One of the prime motivations for Microsoft doing its IronRuby and IronPython work is as embedable languages in existing CLR applications. When I read that I was sort of underwhelmed, expecting some really hairy communication mechanisms like com interop. Boy, I was wrong.

The general idea is each dynamic language implements a ScriptEngine, which is used by the DLR hosting framework. Because it is interface based, you can work with any DLR language exactly the same way. This means that by going this route, you get support for ruby, python, scheme, etc. Which is hela-cool.

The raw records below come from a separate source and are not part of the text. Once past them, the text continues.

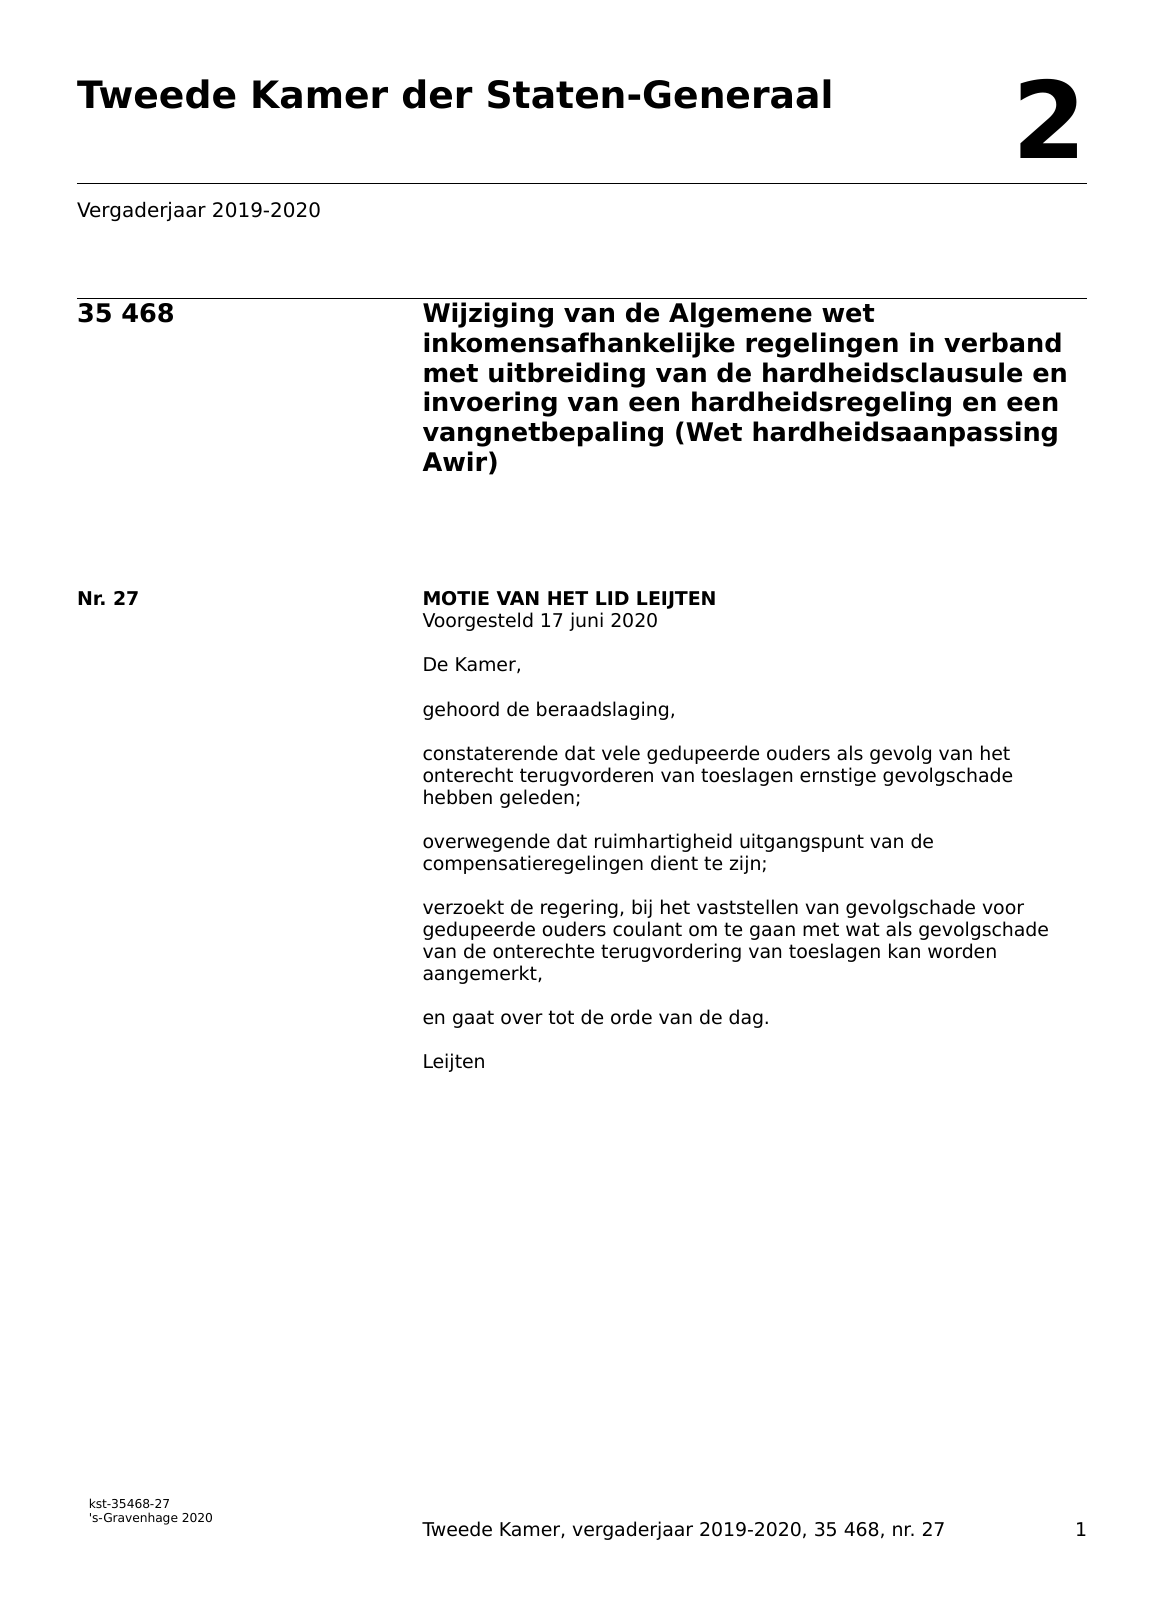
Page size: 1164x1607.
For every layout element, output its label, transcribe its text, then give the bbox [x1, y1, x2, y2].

text Voorgesteld 17 juni 2020 [422, 610, 1087, 632]
text gehoord de beraadslaging, [422, 698, 1087, 720]
subtitle Nr. 27 MOTIE VAN HET LID LEIJTEN [77, 588, 1087, 610]
text De Kamer, [422, 654, 1087, 676]
text 's-Gravenhage 2020 [88, 1511, 323, 1525]
text Leijten [422, 1051, 1087, 1073]
text kst-35468-27 [88, 1497, 323, 1511]
subtitle 35 468 Wijziging van de Algemene wet inkomensafhankelijke regelingen in verband met uitbreiding van de hardheidsclausule en invoering van een hardheidsregeling en een vangnetbepaling (Wet hardheidsaanpassing Awir) [77, 299, 1087, 477]
text en gaat over tot de orde van de dag. [422, 1007, 1087, 1029]
table_cell Vergaderjaar 2019-2020 [77, 184, 1087, 298]
text constaterende dat vele gedupeerde ouders als gevolg van het onterecht terugvorderen van toeslagen ernstige gevolgschade hebben geleden; [422, 743, 1087, 808]
table_header Tweede Kamer der Staten-Generaal [77, 59, 886, 183]
text verzoekt de regering, bij het vaststellen van gevolgschade voor gedupeerde ouders coulant om te gaan met wat als gevolgschade van de onterechte terugvordering van toeslagen kan worden aangemerkt, [422, 897, 1087, 985]
table_header 2 [886, 59, 1087, 183]
text overwegende dat ruimhartigheid uitgangspunt van de compensatieregelingen dient te zijn; [422, 831, 1087, 875]

From the hosting application point of view, what you need is a ScriptRuntime (which takes a ScriptEngine). The runtime will then be able to give you a ScriptScope object, which is basically the bride that you use to communicate with the hosted script. You can register assemblies or objects with the scope, and those values become accessable from the hosted script. By the same tolken, the hosted script can register values, that can then be read from the hosting application.

Something like this

var csharp_var = "I am set from C# land";
var ruby = "csharp_land = :ruby_ftw.to_s"; // my odd ruby example

var runtime = new ScriptRuntime("rb");
var scope = runtime.CreateScope();

scope.SetVariable("csharp_land", csharp_var) 
// expose the c# variable to hosted ruby

Console.WriteLine("Before script execution: " + csharp_var); 
// Before script execution: I am set from C# land
runtime.Execute(ruby, scope);
Console.WriteLine("After script execution: " + csharp_var); 
// After script execution: ruby_ftw

Freakin awesome.

Want to expose a library? runtime.LoadAssembly(<Assembly>). Want to get a variable from the script? scope.GetVariable(<name>). You can even get methods defined in the script in to C#, and they will be defined as Actions or Funcs, allowing you to do callbacks.

The thing that I like about this isn't so much that its possible, it is that you can implement it in about 3 lines of extremely straight forward C#. Even things like UI scripting for automated tests becomes trivial, you just expose the base object on each form and you are pretty much done; full access to the code at runtime.